In the “missed statute” cases, therefore, expiration of the statute of limitations, without more, does not constitute “actual harm.” This does not mean, however, that a client cannot bring a malpractice action against an attorney for a “missed statute” unless and until the third party has successfully asserted a defense based on the statute of limitations. It does mean, however, that if the client did not file suit on the third party claim, the “actual injury” determination may require resolution of factual issues such as whether filing suit against the third party would have been futile or otherwise imprudent and, if so, when that futility became established; and *599whether the client incurred any attorney fees or other expenses to determine the futility of pursuing the third party action and, if so, when the expenses were incurred. In determining whether pursuing the third party claim would have been futile or imprudent, factual issues that may arise include which statute of limitations applied to the third party claim, whether the third party may have waived a defense based on the statute of limitations, and whether the third party was or may have been estopped to assert a defense based on the statute of limitations. Determination of issues of waiver and estoppel often depend upon the resolution of factual questions. (Platt Pacific, Inc. v. Andelson (1993) 6 Cal.4th 307, 319 [24 Cal.Rptr.2d 597, 862 P.2d 158].) And which statute of limitations applies in a case may well turn on resolution of such factual issues as whether the obligation was founded upon an instrument in writing. (Benard v. Walkup (1969) 272 Cal.App.2d 595, 600-603 [77 Cal.Rptr. 544].)
Conclusion
As I have long maintained, in construing the term “actual injury” in the attorney malpractice statute of limitations (Code Civ. Proc., § 340.6), there is no better guide than this court’s opinion in Budd v. Nixen, supra, 6 Cal.3d 195, which teaches that determining the point of actual injury requires a close analysis of the facts of the particular case and is not amenable to resolution by simplistic “bright line” rules. A majority of this court now adopts this view and applies it to the “missed statute” category of attorney malpractice actions. Accordingly, I concur in the lead opinion, although with the understanding that in a “missed statute” case the mere expiration of a conventional limitations period is not actual injury.

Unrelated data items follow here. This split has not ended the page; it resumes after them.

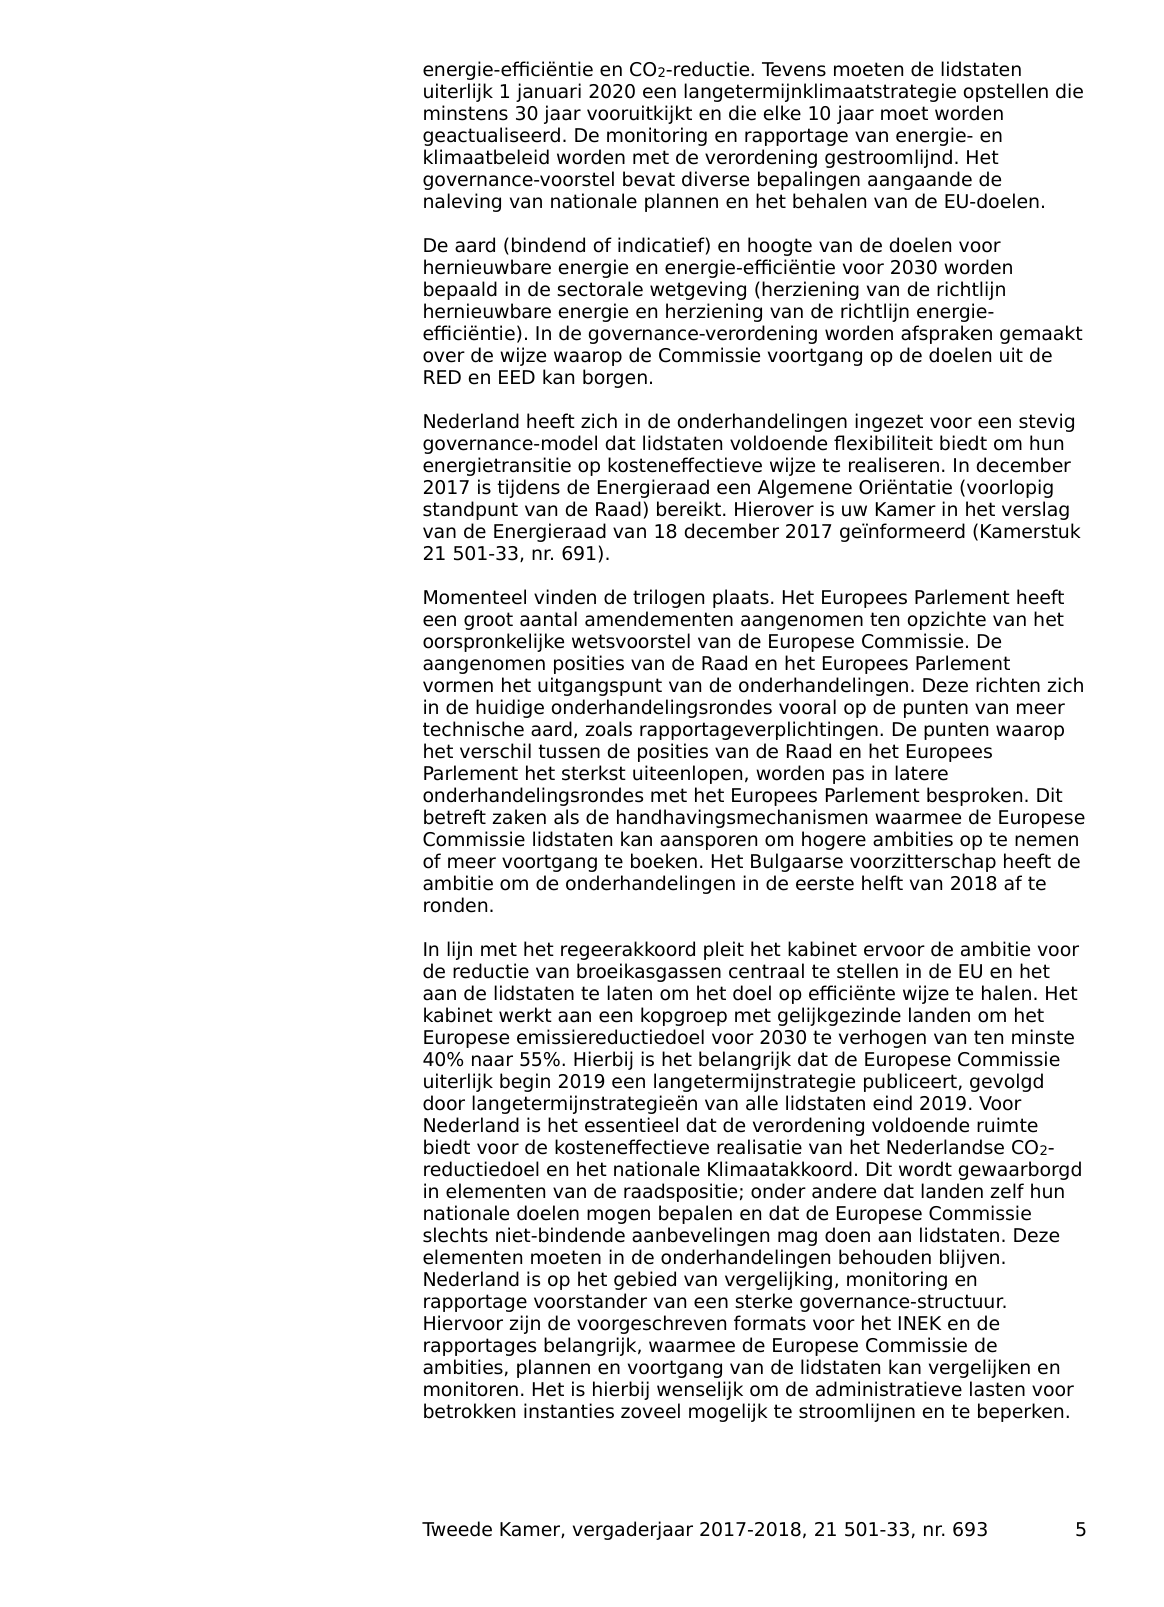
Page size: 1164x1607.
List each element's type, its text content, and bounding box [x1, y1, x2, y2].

text De aard (bindend of indicatief) en hoogte van de doelen voor hernieuwbare energie en energie-efficiëntie voor 2030 worden bepaald in de sectorale wetgeving (herziening van de richtlijn hernieuwbare energie en herziening van de richtlijn energie-efficiëntie). In de governance-verordening worden afspraken gemaakt over de wijze waarop de Commissie voortgang op de doelen uit de RED en EED kan borgen. [422, 235, 1087, 389]
text Momenteel vinden de trilogen plaats. Het Europees Parlement heeft een groot aantal amendementen aangenomen ten opzichte van het oorspronkelijke wetsvoorstel van de Europese Commissie. De aangenomen posities van de Raad en het Europees Parlement vormen het uitgangspunt van de onderhandelingen. Deze richten zich in de huidige onderhandelingsrondes vooral op de punten van meer technische aard, zoals rapportageverplichtingen. De punten waarop het verschil tussen de posities van de Raad en het Europees Parlement het sterkst uiteenlopen, worden pas in latere onderhandelingsrondes met het Europees Parlement besproken. Dit betreft zaken als de handhavingsmechanismen waarmee de Europese Commissie lidstaten kan aansporen om hogere ambities op te nemen of meer voortgang te boeken. Het Bulgaarse voorzitterschap heeft de ambitie om de onderhandelingen in de eerste helft van 2018 af te ronden. [422, 587, 1087, 917]
text energie-efficiëntie en CO2-reductie. Tevens moeten de lidstaten uiterlijk 1 januari 2020 een langetermijnklimaatstrategie opstellen die minstens 30 jaar vooruitkijkt en die elke 10 jaar moet worden geactualiseerd. De monitoring en rapportage van energie- en klimaatbeleid worden met de verordening gestroomlijnd. Het governance-voorstel bevat diverse bepalingen aangaande de naleving van nationale plannen en het behalen van de EU-doelen. [422, 59, 1087, 213]
text Nederland heeft zich in de onderhandelingen ingezet voor een stevig governance-model dat lidstaten voldoende flexibiliteit biedt om hun energietransitie op kosteneffectieve wijze te realiseren. In december 2017 is tijdens de Energieraad een Algemene Oriëntatie (voorlopig standpunt van de Raad) bereikt. Hierover is uw Kamer in het verslag van de Energieraad van 18 december 2017 geïnformeerd (Kamerstuk 21 501-33, nr. 691). [422, 411, 1087, 565]
text In lijn met het regeerakkoord pleit het kabinet ervoor de ambitie voor de reductie van broeikasgassen centraal te stellen in de EU en het aan de lidstaten te laten om het doel op efficiënte wijze te halen. Het kabinet werkt aan een kopgroep met gelijkgezinde landen om het Europese emissiereductiedoel voor 2030 te verhogen van ten minste 40% naar 55%. Hierbij is het belangrijk dat de Europese Commissie uiterlijk begin 2019 een langetermijnstrategie publiceert, gevolgd door langetermijnstrategieën van alle lidstaten eind 2019. Voor Nederland is het essentieel dat de verordening voldoende ruimte biedt voor de kosteneffectieve realisatie van het Nederlandse CO2-reductiedoel en het nationale Klimaatakkoord. Dit wordt gewaarborgd in elementen van de raadspositie; onder andere dat landen zelf hun nationale doelen mogen bepalen en dat de Europese Commissie slechts niet-bindende aanbevelingen mag doen aan lidstaten. Deze elementen moeten in de onderhandelingen behouden blijven. Nederland is op het gebied van vergelijking, monitoring en rapportage voorstander van een sterke governance-structuur. Hiervoor zijn de voorgeschreven formats voor het INEK en de rapportages belangrijk, waarmee de Europese Commissie de ambities, plannen en voortgang van de lidstaten kan vergelijken en monitoren. Het is hierbij wenselijk om de administratieve lasten voor betrokken instanties zoveel mogelijk te stroomlijnen en te beperken. [422, 939, 1087, 1423]
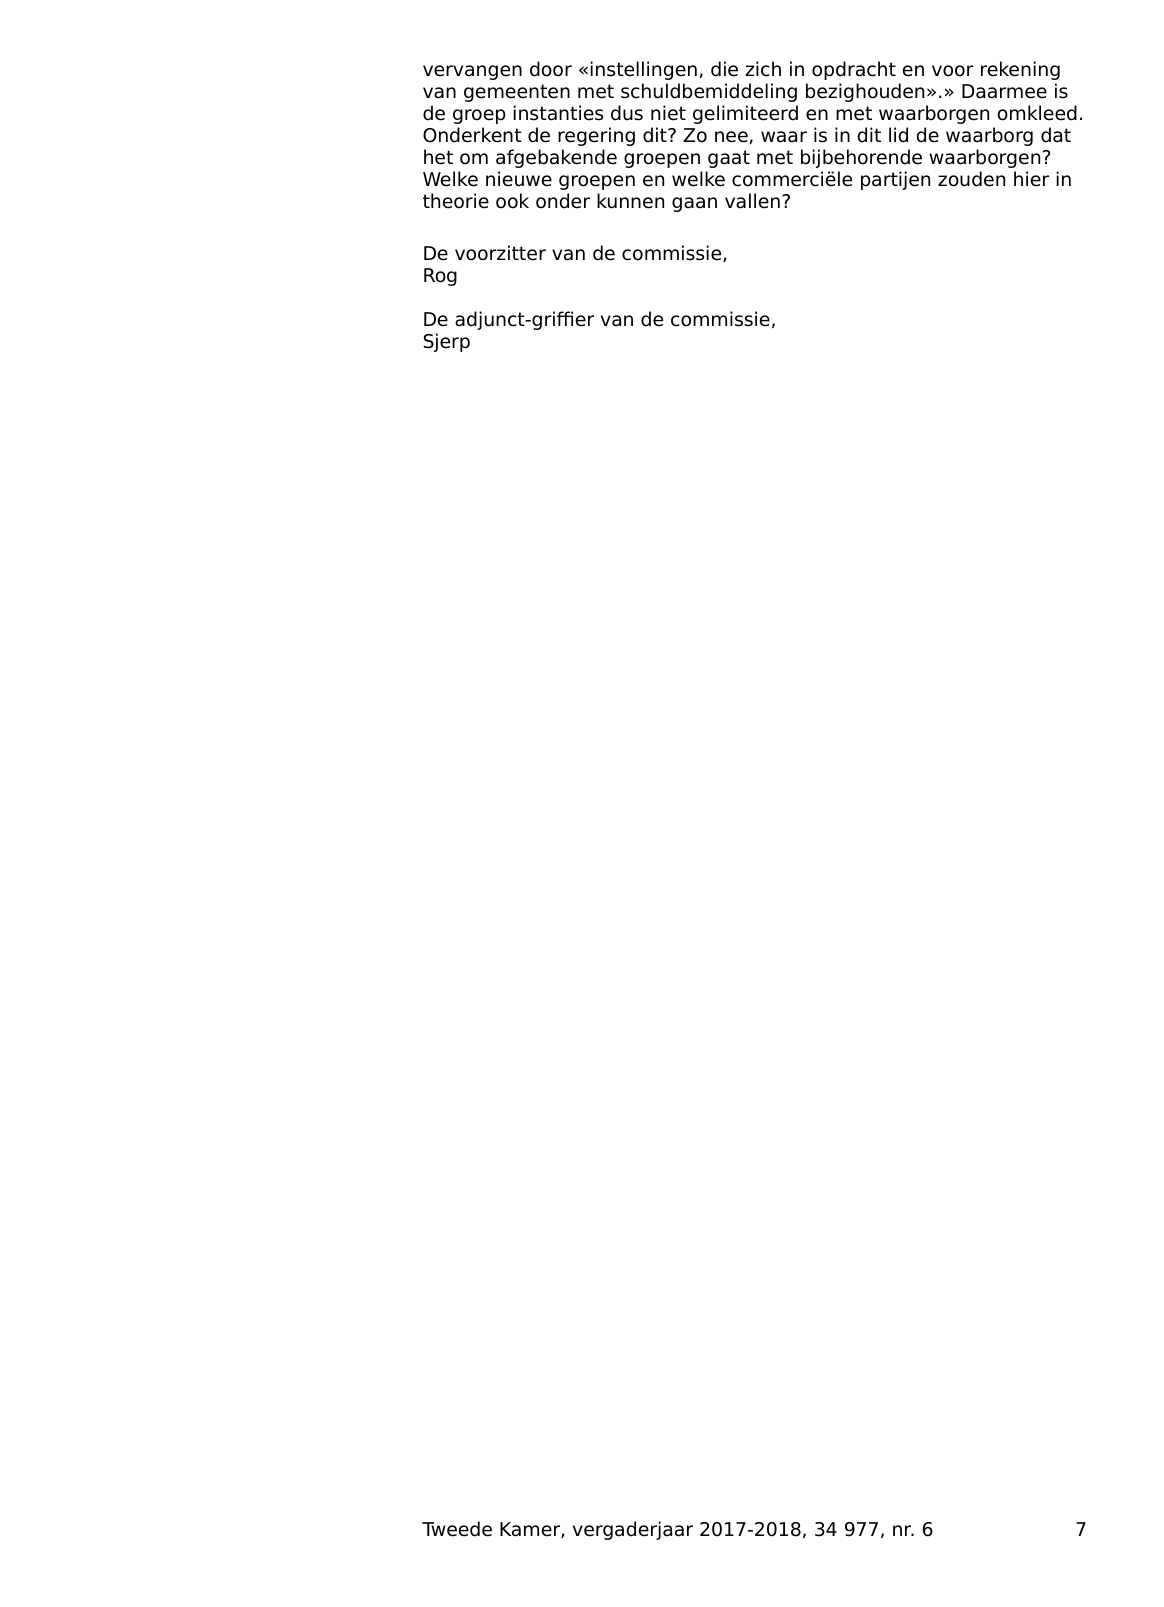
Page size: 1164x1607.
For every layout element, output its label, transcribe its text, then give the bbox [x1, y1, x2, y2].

text De adjunct-griffier van de commissie, Sjerp [422, 309, 1087, 353]
text De voorzitter van de commissie, Rog [422, 243, 1087, 287]
text vervangen door «instellingen, die zich in opdracht en voor rekening van gemeenten met schuldbemiddeling bezighouden».» Daarmee is de groep instanties dus niet gelimiteerd en met waarborgen omkleed. Onderkent de regering dit? Zo nee, waar is in dit lid de waarborg dat het om afgebakende groepen gaat met bijbehorende waarborgen? Welke nieuwe groepen en welke commerciële partijen zouden hier in theorie ook onder kunnen gaan vallen? [422, 59, 1087, 213]
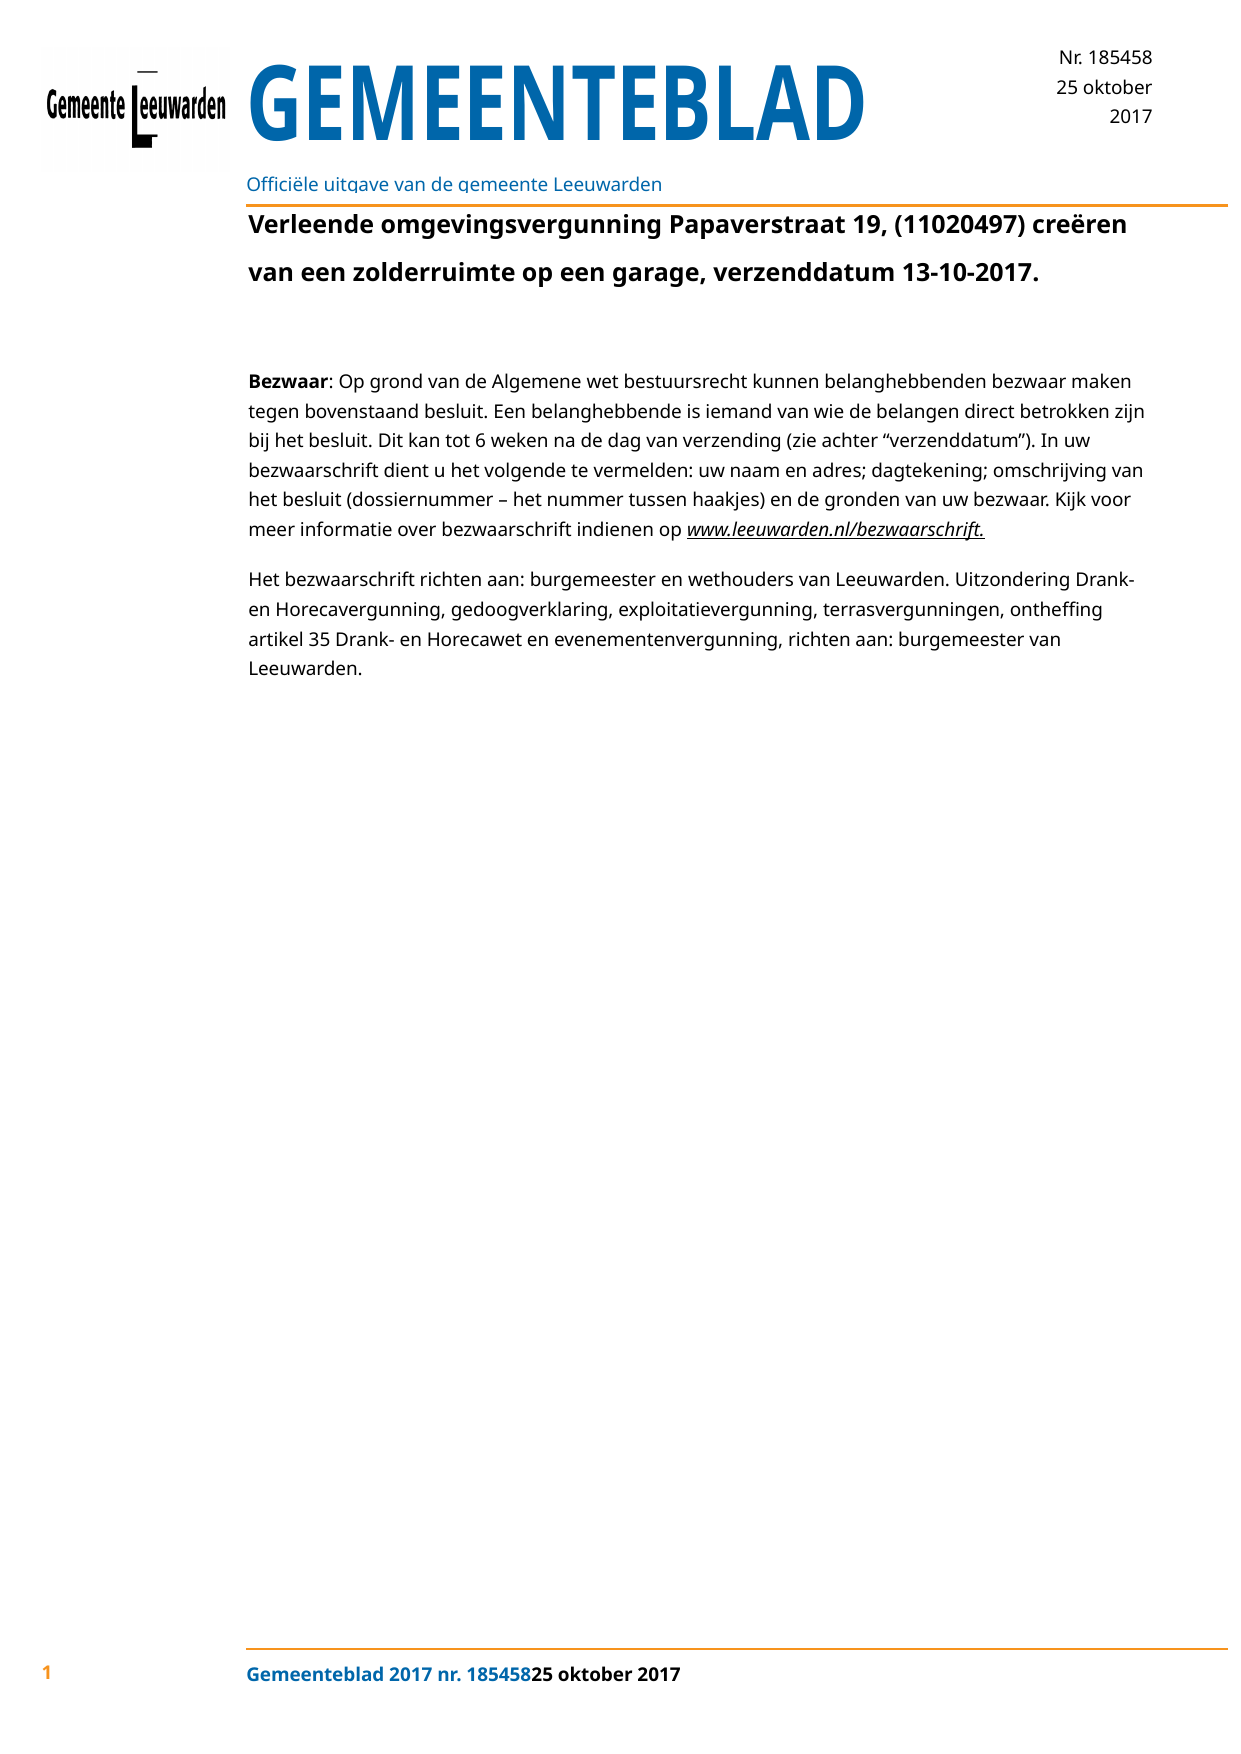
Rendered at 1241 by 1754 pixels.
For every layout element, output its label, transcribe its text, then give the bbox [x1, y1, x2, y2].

text Bezwaar: Op grond van de Algemene wet bestuursrecht kunnen belanghebbenden bezwaar maken tegen bovenstaand besluit. Een belanghebbende is iemand van wie de belangen direct betrokken zijn bij het besluit. Dit kan tot 6 weken na de dag van verzending (zie achter “verzenddatum”). In uw bezwaarschrift dient u het volgende te vermelden: uw naam en adres; dagtekening; omschrijving van het besluit (dossiernummer – het nummer tussen haakjes) en de gronden van uw bezwaar. Kijk voor meer informatie over bezwaarschrift indienen op www.leeuwarden.nl/bezwaarschrift. [248, 368, 1152, 542]
text Het bezwaarschrift richten aan: burgemeester en wethouders van Leeuwarden. Uitzondering Drank- en Horecavergunning, gedoogverklaring, exploitatievergunning, terrasvergunningen, ontheffing artikel 35 Drank- en Horecawet en evenementenvergunning, richten aan: burgemeester van Leeuwarden. [248, 567, 1152, 681]
picture [41, 47, 231, 172]
text Verleende omgevingsvergunning Papaverstraat 19, (11020497) creëren van een zolderruimte op een garage, verzenddatum 13-10-2017. [248, 207, 1152, 288]

When it codified the decision in Budd v. Nixen, supra, 6 Cal.3d 195, the Legislature provided that the one-year and four-year limitations periods would be tolled until the attorney’s malpractice had resulted in “actual injury.” In Budd, however, this court made no reference to tolling, instead treating the occurrence of “actual and appreciable harm” simply as an element necessary to the accrual of the cause of action for attorney malpractice, and thus necessary also to the commencement of the limitations period. The lead opinion asserts that this difference in approach limits the “instructional value” of Budd v. Nixen. (Lead opn., ante, at p. 589, fn. 2.) I disagree. So far as I can discern, the difference in approach has no practical significance. There is no reason in law or logic why it should limit the value or authority of this court’s decision in Budd v. Nixen in construing the statute that codifies it.